▼

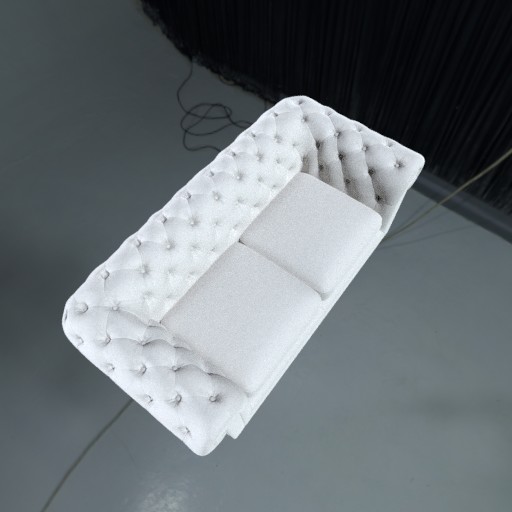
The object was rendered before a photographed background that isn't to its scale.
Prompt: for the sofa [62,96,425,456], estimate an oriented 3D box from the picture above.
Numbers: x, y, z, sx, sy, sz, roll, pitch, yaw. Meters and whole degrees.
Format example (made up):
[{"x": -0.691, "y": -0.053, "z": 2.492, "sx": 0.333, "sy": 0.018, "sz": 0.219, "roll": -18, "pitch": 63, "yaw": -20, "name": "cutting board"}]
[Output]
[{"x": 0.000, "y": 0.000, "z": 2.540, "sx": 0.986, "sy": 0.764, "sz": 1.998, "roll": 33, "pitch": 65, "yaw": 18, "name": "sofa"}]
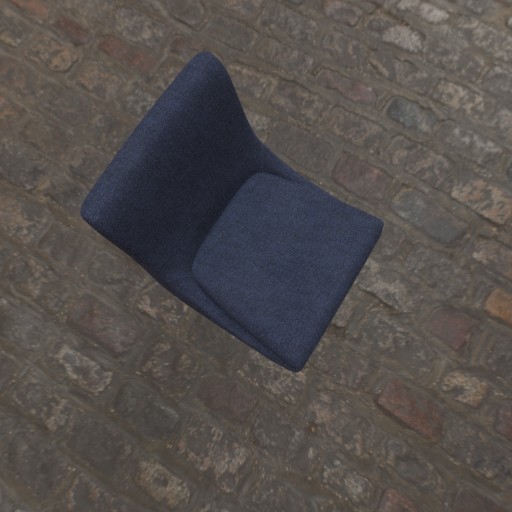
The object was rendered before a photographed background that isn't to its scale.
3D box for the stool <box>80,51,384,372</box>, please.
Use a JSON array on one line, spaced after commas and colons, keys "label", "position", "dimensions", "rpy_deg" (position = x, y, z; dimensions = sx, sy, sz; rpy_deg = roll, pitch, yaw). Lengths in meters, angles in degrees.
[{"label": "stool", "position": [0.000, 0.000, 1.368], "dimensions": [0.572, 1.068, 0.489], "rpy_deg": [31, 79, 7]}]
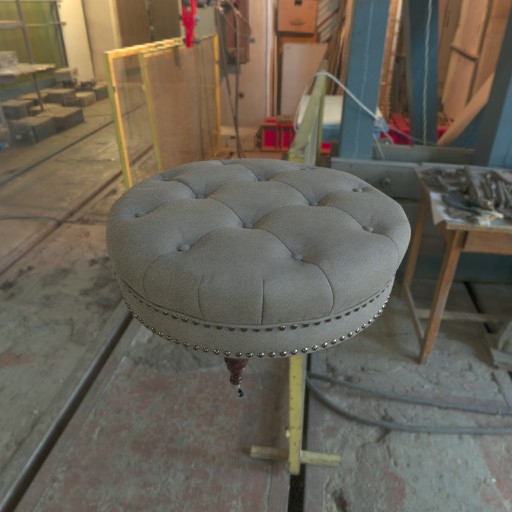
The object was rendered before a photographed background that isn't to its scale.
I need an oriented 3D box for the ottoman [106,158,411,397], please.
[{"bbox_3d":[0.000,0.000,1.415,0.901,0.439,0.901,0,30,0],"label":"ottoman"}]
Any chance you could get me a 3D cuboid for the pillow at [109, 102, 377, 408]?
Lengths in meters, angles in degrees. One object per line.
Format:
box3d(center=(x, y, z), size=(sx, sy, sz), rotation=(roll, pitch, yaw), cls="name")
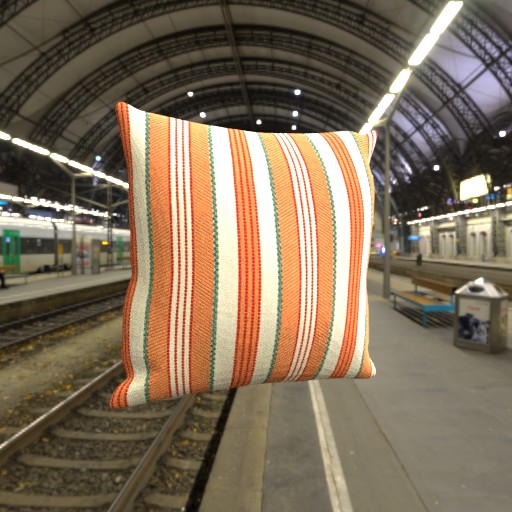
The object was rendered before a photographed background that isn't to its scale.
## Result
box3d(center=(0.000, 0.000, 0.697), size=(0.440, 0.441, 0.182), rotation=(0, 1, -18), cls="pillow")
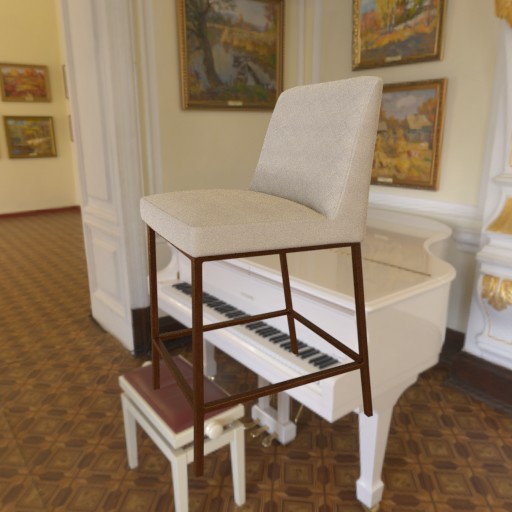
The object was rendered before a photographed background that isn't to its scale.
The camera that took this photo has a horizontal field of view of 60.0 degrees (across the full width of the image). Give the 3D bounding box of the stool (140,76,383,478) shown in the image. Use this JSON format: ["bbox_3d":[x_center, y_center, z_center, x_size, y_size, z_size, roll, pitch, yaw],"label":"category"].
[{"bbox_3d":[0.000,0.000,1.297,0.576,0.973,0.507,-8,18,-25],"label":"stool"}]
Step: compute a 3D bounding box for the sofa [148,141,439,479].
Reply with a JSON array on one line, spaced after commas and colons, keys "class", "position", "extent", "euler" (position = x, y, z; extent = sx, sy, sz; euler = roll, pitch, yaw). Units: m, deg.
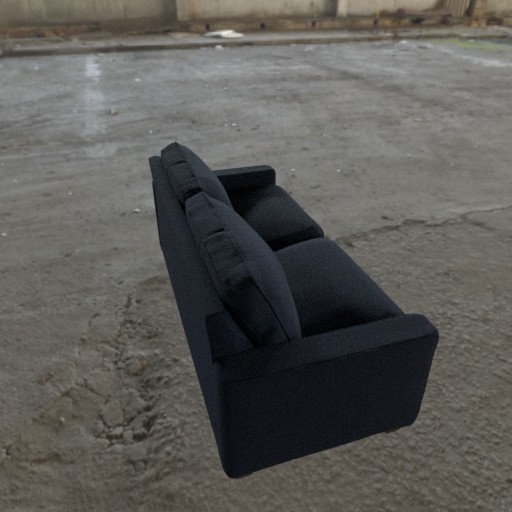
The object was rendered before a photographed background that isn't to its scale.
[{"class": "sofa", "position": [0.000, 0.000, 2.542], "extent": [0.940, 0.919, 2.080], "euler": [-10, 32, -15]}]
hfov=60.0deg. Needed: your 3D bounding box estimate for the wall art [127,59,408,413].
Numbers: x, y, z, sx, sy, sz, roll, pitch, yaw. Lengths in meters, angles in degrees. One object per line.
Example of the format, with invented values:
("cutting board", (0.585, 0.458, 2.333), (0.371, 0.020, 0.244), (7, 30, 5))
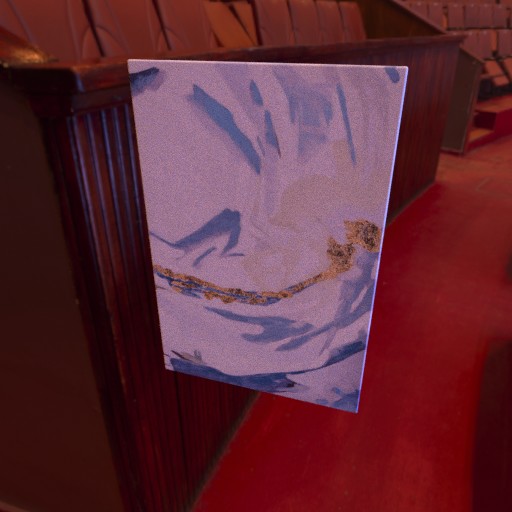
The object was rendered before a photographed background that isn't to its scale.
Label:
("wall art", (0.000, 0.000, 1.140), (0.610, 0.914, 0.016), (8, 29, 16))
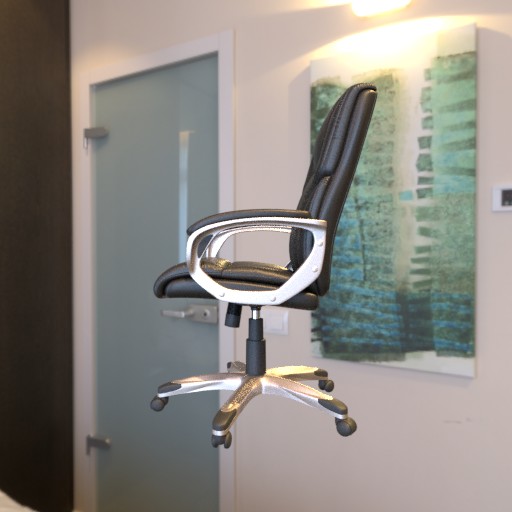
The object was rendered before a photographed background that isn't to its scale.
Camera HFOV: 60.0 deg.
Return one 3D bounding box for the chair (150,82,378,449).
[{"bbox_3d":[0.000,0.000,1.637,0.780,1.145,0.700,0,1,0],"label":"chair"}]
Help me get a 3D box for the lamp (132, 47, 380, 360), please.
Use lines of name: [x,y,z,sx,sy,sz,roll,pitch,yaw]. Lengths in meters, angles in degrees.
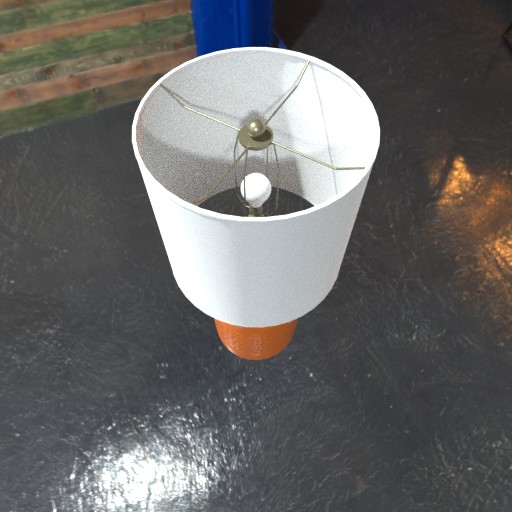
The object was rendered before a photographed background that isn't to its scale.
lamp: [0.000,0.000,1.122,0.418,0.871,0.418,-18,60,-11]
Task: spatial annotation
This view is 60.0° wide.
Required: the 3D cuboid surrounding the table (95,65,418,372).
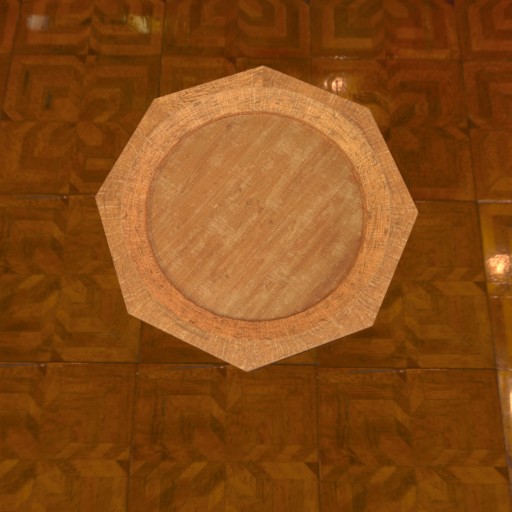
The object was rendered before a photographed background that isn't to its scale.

▲

### ACTIVITY
Scan the records above for lines with the word "cutting". Then report how many there are, as a bare number.

### SOLVED EXERCISE
2